** Aim of the exercise **
Images should be left out, and everything else in the listing reproduced exactly.
** Data extract follows **
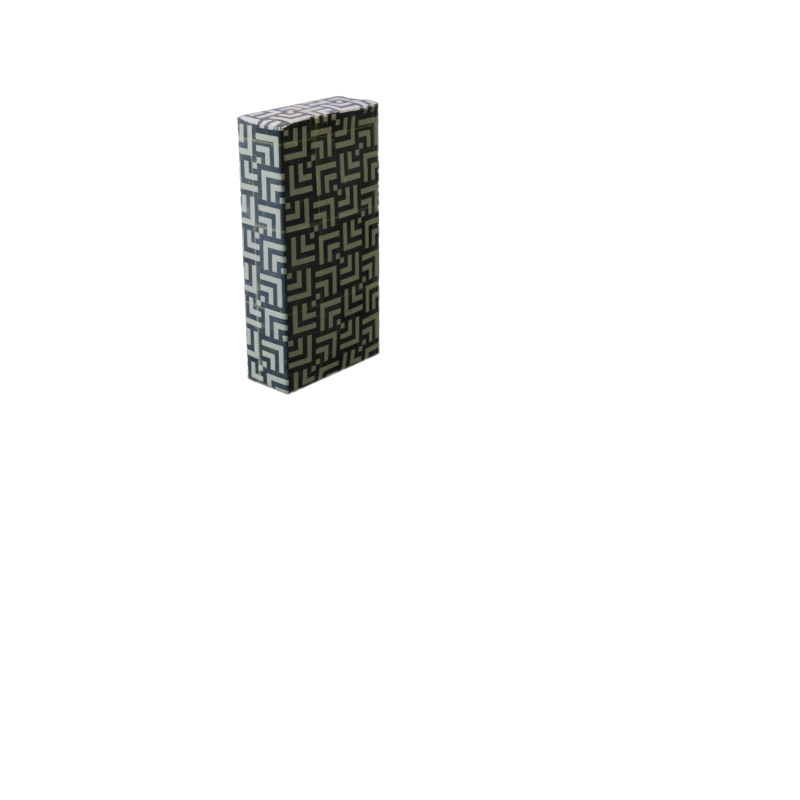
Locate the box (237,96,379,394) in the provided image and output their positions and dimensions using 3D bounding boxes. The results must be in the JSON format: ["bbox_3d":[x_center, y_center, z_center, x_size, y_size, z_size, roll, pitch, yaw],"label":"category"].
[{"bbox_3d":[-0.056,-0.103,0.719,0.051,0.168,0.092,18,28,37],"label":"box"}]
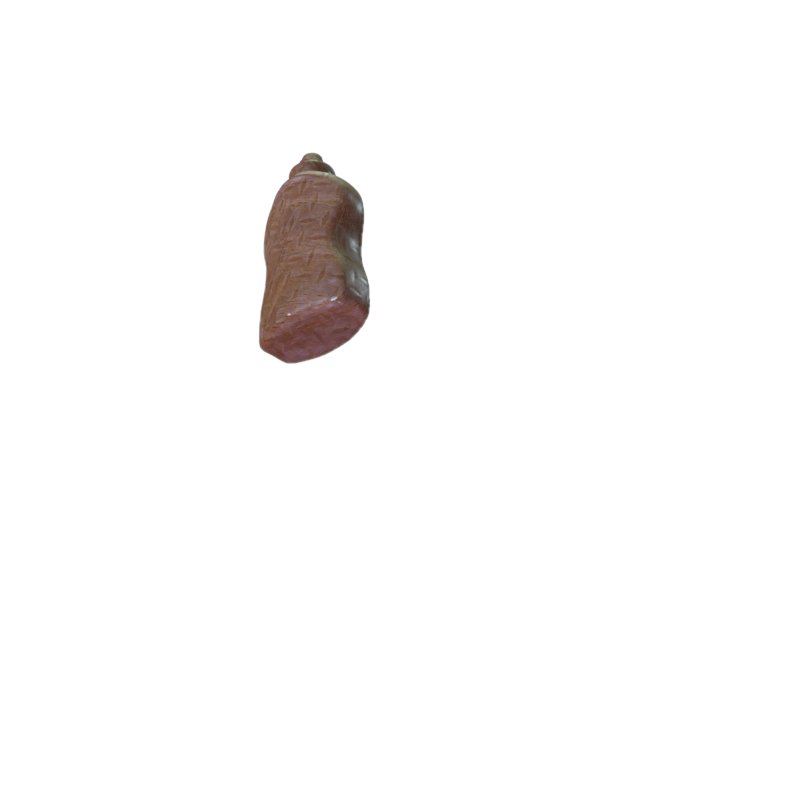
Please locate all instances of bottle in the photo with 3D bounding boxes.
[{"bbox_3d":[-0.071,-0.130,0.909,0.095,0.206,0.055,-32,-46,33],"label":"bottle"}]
** End of Data extract **
** Result of this task **
Locate the box (237,96,379,394) in the provided image and output their positions and dimensions using 3D bounding boxes. The results must be in the JSON format: ["bbox_3d":[x_center, y_center, z_center, x_size, y_size, z_size, roll, pitch, yaw],"label":"category"].
[{"bbox_3d":[-0.056,-0.103,0.719,0.051,0.168,0.092,18,28,37],"label":"box"}]
Please locate all instances of bottle in the photo with 3D bounding boxes.
[{"bbox_3d":[-0.071,-0.130,0.909,0.095,0.206,0.055,-32,-46,33],"label":"bottle"}]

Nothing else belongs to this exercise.